Author : George Santayana
Publisher :
Page : 312 pages
File Size : 17,59 MB
Release : 1900
Category : Aesthetics
ISBN :
Author : George Santayana
Publisher :
Page : pages
File Size : 28,76 MB
Release : 1947
Category :
ISBN :
Author : George Santayana
Publisher : Transaction Publishers
Page : 302 pages
File Size : 10,92 MB
Release : 2002-01-01
Category : Health & Fitness
ISBN : 9781412838900
The author of the introduction to this new edition, John McCormick, reminds us that The Sense of Beauty is the first work in aesthetics written in the United States. Santayana was versed in the history of his subject, from Plato and Aristotle to Schopenhauer and Taine in the nineteenth century. Santayana took as his task a complete rethinking of the idea that beauty is embedded in objects. Rather, beauty is an emotion, a value, and a sense of the good. In this aesthetics was unlike ethics: not a correction of evil or pursuit of the virtuous. Rather it is a pleasure that residues in the sense of self. The work is divided into chapters on the materials of beauty, form, and expression. A good many of Santayana's later works are presaged by this early effort. And this volume also anticipates the development of art as a movement as well as a value apart from other aspects of life.
Author : George Santayana
Publisher : Mit Press
Page : 530 pages
File Size : 22,57 MB
Release : 2003
Category : Biography & Autobiography
ISBN : 9780262194792
George Santayana published The Realm of Matter (1930) and The Genteel Tradition atBay (1931). He continued work on Book Three of Realms of Being, The Realm of Truth, and on hisnovel, The Last Puritan. Citing his commitment to his writing and his intention to retire fromacademia, he declined offers from Harvard University for the Norton Chair of Poetry and for aposition as William James Professor of Philosophy, as well as offers for positions at the New Schoolfor Social Research and Brown University. The deaths of his half sisters, Susan Sturgis de Sastreand Josephine Sturgis, in 1928 and 1930, respectively, were extremely distressing to him.
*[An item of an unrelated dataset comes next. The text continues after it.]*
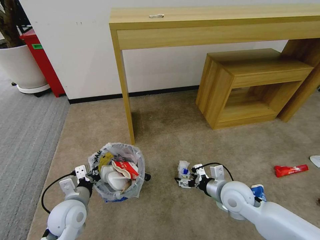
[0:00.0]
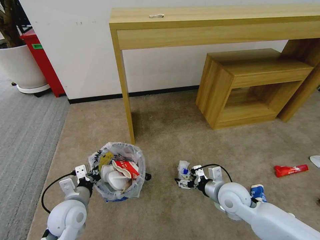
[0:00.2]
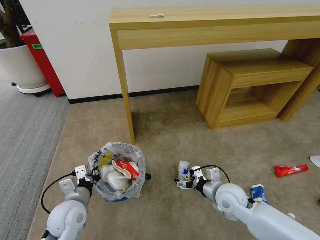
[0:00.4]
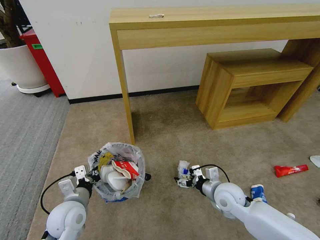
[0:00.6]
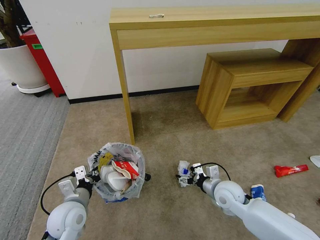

Santayanaand Charles Strong continued their epistolary debate over the nature and perception of reality andthe problem of knowledge. The book also includes letters to Robert Bridges, Cyril Clemens, Morris R.Cohen, Curt John Ducasse, Sydney Hook, Horace Meyer Kallen, Walter Lippmann, Ralph Barton Perry,William Lyon Phelps, and Herbert W. Schneider. Santayana sent many letters with articles and reviewsto journalists Wendell T. Bush, Henry Seidel Canby, Wilbur Cross, and John Middleton Murry.Discussion of his novel and continuing work on Realms of Being took place with Otto Kyllmann andJohn Hall Wheelock, his editors at Constable and Scribner's. Although Santayana now made the HotelBristol in Rome his permanent residence, he continued to travel in England, France, andItaly.